The New Testament is similarly balanced. On the one hand we read that Jesus “saw James son of Zebedee and his brother John working in a boat. Without delay he called them, and they left their father Zebedee in the boat with the hired men and followed him.” Zebedee was very probably not best pleased if his 2 sons took this decision without consulting him as they appear to have done. But as Jesus hung on the Cross when he “saw his mother there, and the disciple whom he loved standing nearby, he said to her, “Woman, here is your son,” and to the disciple, “Here is your mother.” From that time on, this disciple took her into his home.” This is again a careful balance between when the demands of the Kingdom of God are more important than family concerns and when family must come first. Throughout the New Testament letters it is very clear that the new Christians were strongly encouraged to think about each other, support each other, pray for each other and care for each other. We are clearly to be individuals in community.

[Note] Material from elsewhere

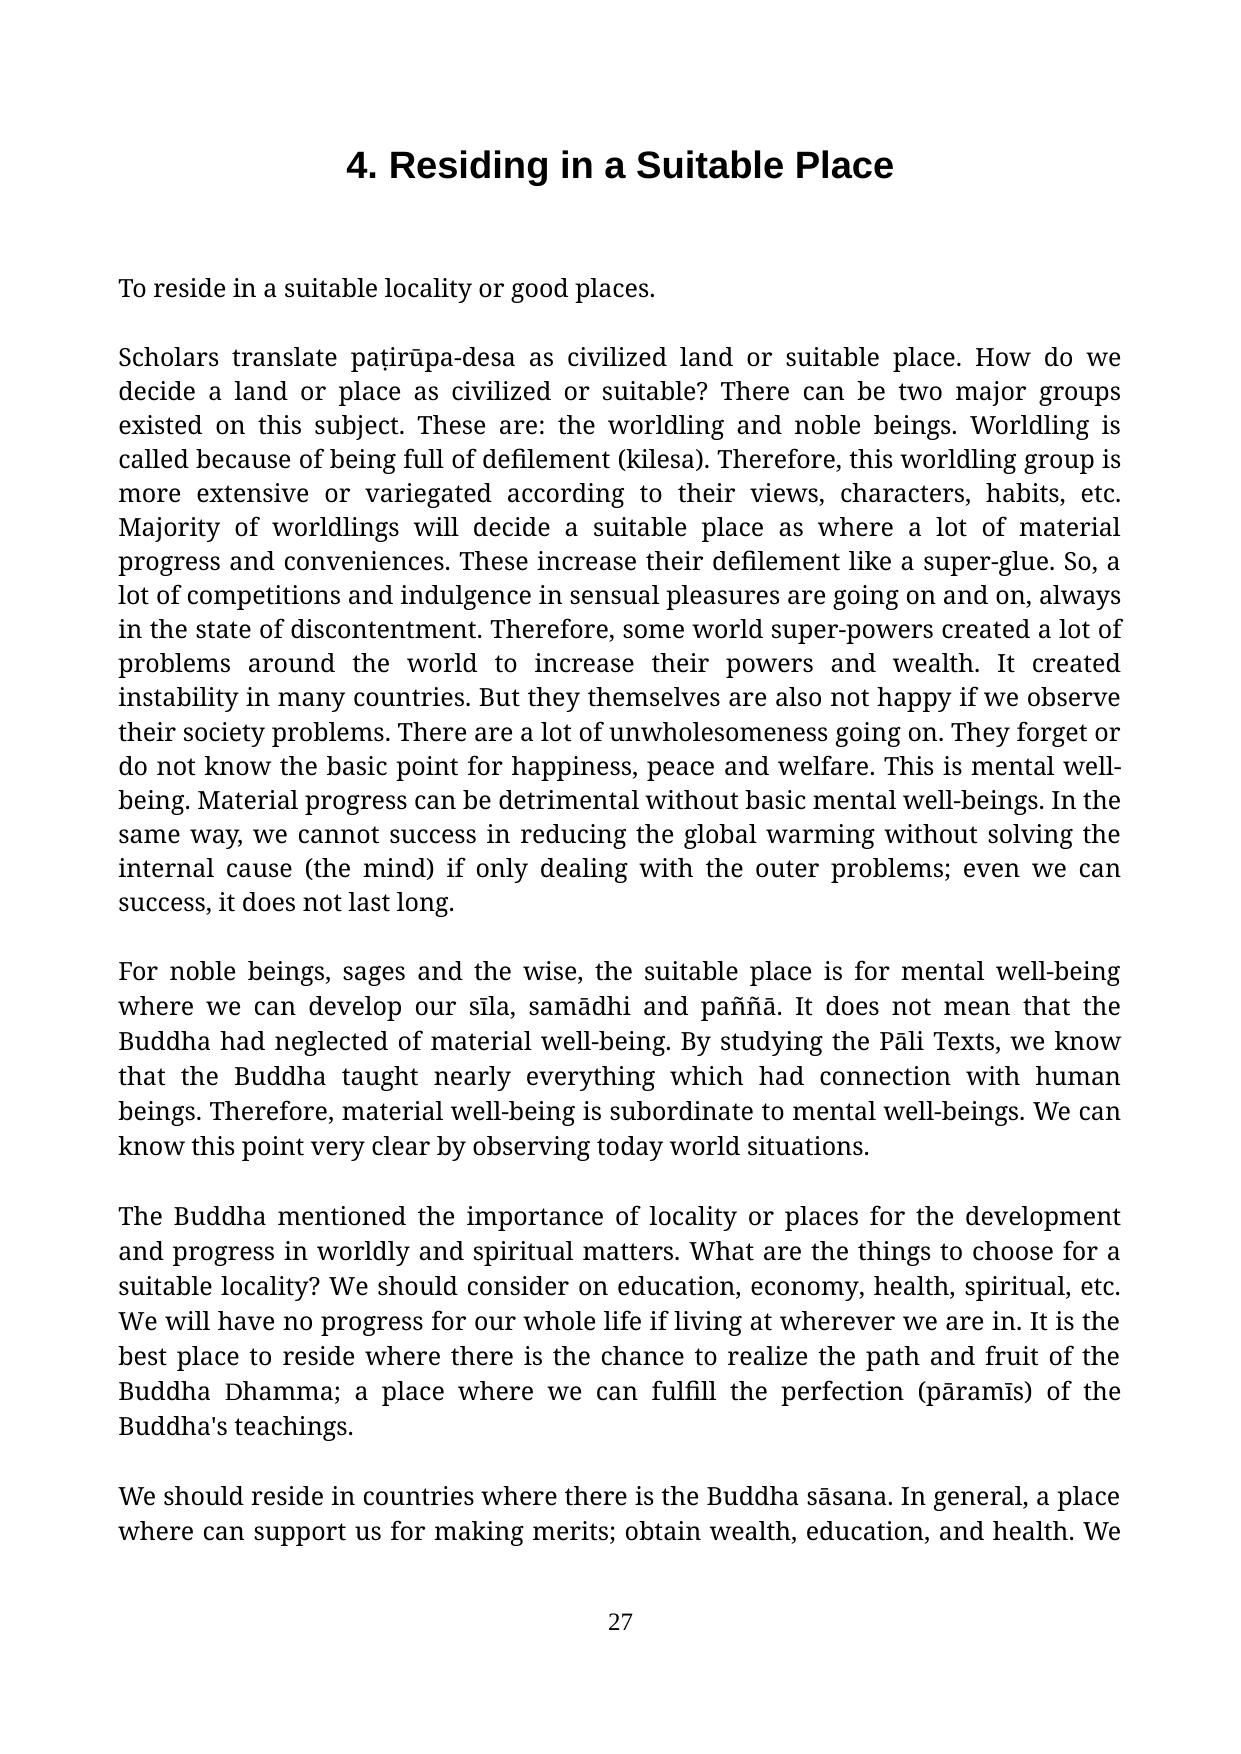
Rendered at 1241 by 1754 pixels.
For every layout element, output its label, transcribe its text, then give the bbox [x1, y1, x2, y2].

We are not to be covenant breakers. The idea of God as a covenant-keeping God goes right back to the early chapters of Genesis. God made a covenant with Noah that he would never again cause a great flood “to destroy all life”. He also made a covenant with Abraham, renewed it with is descendants, and later through Moses with the people of Israel. Each of these covenants was an unbreakable promise – unbroken by God although sometimes disastrously broken by the humans involved. Hosea says, “An eagle is over the house of the Lord because the people have broken my covenant and rebelled against my law.” The eagle was a carrion eating bird looking for dead meat! That refers to the Old Testament situation but it applies to us. If we seek to follow a covenant-keeping God we too have to be covenant keepers. That particularly applies in the matter of marriage.

Whatever our culture says about our rights as individuals to do more or less what we want, provided we do not hurt other people, we need to hold to the Biblical principle of the importance of every person, that we should only speak the truth to them and that we are to care very specially for the household of faith.

That is what the New Testament means when it talks about love.